Source records
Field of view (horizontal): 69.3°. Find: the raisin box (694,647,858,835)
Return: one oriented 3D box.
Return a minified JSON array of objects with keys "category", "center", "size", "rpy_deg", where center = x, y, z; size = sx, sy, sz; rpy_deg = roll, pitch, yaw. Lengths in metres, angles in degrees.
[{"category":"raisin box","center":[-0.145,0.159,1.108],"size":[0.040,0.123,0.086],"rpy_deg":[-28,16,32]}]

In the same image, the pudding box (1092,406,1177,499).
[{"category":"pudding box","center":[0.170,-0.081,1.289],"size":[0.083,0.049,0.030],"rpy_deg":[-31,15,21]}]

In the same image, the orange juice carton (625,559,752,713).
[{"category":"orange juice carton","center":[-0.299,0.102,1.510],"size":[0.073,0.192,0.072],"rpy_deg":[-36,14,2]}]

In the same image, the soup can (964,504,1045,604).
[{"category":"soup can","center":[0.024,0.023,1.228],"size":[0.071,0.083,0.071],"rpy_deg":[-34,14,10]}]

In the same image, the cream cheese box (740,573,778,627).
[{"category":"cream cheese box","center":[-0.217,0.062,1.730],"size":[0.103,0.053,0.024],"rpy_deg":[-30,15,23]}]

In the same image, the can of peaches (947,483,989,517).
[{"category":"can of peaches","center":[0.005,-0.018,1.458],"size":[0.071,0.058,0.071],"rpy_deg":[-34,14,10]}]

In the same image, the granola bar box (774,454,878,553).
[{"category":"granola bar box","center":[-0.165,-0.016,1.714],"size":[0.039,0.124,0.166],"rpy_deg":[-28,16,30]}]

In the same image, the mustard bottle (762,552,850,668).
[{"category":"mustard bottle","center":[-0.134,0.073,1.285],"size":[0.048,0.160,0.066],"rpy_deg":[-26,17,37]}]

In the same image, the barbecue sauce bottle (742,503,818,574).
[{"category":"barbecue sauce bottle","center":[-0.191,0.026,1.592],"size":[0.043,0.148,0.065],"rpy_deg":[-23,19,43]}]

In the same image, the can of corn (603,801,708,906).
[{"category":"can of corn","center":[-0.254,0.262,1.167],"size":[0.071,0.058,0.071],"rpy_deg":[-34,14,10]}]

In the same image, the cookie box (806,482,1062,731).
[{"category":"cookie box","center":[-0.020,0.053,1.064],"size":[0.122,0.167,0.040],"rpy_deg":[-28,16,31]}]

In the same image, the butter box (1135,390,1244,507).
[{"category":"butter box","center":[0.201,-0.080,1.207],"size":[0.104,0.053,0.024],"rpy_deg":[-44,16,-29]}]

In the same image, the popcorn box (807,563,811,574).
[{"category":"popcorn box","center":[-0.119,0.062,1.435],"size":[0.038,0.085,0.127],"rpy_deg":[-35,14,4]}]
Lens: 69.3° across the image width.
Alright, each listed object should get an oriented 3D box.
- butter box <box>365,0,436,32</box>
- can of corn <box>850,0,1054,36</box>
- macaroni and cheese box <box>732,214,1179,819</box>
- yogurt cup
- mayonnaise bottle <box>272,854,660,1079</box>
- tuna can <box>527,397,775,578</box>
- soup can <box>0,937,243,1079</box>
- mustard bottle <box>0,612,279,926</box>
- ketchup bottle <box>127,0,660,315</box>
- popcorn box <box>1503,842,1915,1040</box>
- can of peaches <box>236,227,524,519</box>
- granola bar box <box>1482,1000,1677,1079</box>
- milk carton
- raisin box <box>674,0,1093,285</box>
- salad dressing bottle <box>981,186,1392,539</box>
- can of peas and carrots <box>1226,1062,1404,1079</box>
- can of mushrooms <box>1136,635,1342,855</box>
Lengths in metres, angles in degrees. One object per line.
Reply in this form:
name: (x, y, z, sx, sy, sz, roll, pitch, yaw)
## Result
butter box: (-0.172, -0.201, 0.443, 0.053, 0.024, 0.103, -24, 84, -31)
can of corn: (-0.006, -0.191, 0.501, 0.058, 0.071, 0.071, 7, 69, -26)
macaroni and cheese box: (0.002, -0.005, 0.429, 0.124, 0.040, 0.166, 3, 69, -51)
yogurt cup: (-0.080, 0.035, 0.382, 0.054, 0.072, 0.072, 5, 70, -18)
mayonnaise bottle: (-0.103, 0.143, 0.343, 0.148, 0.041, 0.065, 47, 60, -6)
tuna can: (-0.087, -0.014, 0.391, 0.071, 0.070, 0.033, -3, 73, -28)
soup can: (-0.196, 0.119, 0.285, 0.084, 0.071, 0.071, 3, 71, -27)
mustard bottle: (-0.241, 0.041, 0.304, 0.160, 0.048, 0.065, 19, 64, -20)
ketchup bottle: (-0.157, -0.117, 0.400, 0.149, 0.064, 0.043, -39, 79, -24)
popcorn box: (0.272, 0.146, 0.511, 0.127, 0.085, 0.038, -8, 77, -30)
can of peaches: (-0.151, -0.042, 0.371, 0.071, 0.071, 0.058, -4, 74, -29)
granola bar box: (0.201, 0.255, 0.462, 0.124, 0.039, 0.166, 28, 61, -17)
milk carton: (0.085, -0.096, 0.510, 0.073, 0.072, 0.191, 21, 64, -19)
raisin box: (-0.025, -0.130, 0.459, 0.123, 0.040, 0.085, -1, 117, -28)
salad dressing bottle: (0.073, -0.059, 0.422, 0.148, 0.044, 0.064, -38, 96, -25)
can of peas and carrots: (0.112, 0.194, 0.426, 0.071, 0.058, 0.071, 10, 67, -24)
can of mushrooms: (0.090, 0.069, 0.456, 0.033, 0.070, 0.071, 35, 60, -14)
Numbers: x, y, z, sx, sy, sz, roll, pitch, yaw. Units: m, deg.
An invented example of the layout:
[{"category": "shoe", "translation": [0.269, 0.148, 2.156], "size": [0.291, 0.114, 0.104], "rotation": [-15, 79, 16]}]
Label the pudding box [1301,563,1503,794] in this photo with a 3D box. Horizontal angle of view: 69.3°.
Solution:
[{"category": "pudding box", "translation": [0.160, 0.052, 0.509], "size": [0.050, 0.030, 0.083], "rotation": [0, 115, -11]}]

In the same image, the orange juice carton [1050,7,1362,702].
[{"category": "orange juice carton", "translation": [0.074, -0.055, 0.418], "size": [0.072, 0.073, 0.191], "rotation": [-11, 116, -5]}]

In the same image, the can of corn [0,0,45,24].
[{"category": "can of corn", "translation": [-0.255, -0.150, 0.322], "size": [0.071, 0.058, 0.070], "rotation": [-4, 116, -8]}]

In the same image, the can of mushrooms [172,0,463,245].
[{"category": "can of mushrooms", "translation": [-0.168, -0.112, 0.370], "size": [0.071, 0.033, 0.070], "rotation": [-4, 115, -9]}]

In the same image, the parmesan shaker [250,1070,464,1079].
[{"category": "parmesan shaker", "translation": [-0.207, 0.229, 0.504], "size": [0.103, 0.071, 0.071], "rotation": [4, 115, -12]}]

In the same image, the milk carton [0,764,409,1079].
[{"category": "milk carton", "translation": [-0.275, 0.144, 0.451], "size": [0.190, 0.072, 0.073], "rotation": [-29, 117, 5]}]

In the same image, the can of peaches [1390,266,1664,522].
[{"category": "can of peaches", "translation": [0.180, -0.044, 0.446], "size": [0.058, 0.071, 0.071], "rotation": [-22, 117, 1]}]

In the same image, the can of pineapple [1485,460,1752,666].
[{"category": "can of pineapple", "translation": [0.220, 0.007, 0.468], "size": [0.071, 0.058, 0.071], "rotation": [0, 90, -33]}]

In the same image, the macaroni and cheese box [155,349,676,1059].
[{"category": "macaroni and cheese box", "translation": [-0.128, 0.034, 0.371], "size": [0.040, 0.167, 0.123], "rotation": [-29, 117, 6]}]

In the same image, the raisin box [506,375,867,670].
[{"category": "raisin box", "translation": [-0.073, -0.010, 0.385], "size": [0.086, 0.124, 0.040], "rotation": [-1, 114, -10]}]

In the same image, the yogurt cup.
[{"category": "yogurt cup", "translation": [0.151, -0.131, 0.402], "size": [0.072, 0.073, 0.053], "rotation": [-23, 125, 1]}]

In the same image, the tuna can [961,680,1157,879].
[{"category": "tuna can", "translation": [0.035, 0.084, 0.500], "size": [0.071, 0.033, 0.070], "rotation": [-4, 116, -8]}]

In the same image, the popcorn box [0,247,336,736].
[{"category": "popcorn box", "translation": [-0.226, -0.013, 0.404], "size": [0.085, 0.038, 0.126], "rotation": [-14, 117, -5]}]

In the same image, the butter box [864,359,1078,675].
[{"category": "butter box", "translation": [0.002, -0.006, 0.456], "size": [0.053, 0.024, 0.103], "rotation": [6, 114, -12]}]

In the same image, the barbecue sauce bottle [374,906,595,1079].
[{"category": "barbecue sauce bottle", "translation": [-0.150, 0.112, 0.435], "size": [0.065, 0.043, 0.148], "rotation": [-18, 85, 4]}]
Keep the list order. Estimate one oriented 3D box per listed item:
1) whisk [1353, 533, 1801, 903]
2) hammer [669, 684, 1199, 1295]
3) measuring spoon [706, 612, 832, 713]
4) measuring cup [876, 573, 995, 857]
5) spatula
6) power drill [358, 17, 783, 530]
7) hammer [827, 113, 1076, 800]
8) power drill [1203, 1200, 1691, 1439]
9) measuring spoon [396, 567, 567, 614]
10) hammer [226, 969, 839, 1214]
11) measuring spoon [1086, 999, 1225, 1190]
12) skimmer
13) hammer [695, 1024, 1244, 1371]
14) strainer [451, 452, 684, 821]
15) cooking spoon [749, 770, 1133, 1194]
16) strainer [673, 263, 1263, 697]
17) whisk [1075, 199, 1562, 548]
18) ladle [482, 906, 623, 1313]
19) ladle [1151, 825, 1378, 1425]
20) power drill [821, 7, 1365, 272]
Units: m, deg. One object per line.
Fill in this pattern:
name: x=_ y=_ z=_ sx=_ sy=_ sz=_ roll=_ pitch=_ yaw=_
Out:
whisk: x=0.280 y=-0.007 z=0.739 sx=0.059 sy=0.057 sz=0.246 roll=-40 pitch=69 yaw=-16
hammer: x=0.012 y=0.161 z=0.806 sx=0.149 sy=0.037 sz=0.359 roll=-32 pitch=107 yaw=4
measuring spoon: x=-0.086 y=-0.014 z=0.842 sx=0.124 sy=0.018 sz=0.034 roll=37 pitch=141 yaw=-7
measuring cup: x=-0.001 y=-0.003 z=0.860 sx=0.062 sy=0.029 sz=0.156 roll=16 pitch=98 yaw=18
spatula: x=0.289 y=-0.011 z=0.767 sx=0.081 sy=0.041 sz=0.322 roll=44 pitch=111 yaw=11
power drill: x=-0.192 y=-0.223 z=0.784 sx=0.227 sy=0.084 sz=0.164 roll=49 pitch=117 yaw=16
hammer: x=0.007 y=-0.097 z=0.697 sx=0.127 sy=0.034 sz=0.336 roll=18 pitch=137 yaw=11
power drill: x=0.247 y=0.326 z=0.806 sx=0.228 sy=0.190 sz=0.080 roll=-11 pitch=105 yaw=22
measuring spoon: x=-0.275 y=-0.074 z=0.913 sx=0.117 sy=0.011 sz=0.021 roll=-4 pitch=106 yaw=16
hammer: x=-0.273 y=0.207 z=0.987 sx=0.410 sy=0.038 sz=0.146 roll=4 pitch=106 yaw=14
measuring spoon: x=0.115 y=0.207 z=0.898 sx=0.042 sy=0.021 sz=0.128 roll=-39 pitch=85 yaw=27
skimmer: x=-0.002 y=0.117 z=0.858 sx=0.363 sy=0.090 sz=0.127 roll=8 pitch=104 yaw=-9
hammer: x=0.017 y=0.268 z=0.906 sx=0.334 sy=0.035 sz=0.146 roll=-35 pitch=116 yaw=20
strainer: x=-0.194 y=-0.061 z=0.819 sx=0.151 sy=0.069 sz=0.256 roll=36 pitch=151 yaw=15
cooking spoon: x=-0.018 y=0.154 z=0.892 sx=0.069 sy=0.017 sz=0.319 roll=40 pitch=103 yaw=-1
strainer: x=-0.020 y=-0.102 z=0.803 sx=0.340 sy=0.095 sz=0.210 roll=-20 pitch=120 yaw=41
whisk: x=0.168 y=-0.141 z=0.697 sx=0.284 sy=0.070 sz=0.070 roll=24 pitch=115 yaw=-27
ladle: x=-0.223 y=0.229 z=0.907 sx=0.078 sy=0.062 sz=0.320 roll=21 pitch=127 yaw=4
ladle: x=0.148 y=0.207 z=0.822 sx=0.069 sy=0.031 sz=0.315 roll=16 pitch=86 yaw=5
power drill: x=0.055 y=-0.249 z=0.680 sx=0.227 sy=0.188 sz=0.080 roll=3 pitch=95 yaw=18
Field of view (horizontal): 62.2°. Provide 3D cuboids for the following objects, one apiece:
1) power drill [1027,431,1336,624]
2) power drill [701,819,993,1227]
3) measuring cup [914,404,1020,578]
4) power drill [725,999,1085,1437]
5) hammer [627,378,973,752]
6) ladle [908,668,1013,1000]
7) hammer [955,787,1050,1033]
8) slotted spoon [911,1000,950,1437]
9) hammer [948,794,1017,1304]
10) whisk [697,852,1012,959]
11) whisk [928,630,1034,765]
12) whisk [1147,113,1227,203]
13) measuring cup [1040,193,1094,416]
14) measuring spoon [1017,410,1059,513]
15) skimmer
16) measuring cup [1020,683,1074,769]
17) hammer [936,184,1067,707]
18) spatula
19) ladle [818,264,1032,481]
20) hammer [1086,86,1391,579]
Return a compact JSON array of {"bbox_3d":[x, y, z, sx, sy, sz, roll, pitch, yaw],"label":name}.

▶ WHAT TO DO
Write out exactly the lines above from the line with "13) hammer [695, 1024, 1244, 1371]" through the line with "Fill in this", both of them included, and leave out all other lines.

▶ REPLY TO THE TASK
13) hammer [695, 1024, 1244, 1371]
14) strainer [451, 452, 684, 821]
15) cooking spoon [749, 770, 1133, 1194]
16) strainer [673, 263, 1263, 697]
17) whisk [1075, 199, 1562, 548]
18) ladle [482, 906, 623, 1313]
19) ladle [1151, 825, 1378, 1425]
20) power drill [821, 7, 1365, 272]
Units: m, deg. One object per line.
Fill in this pattern:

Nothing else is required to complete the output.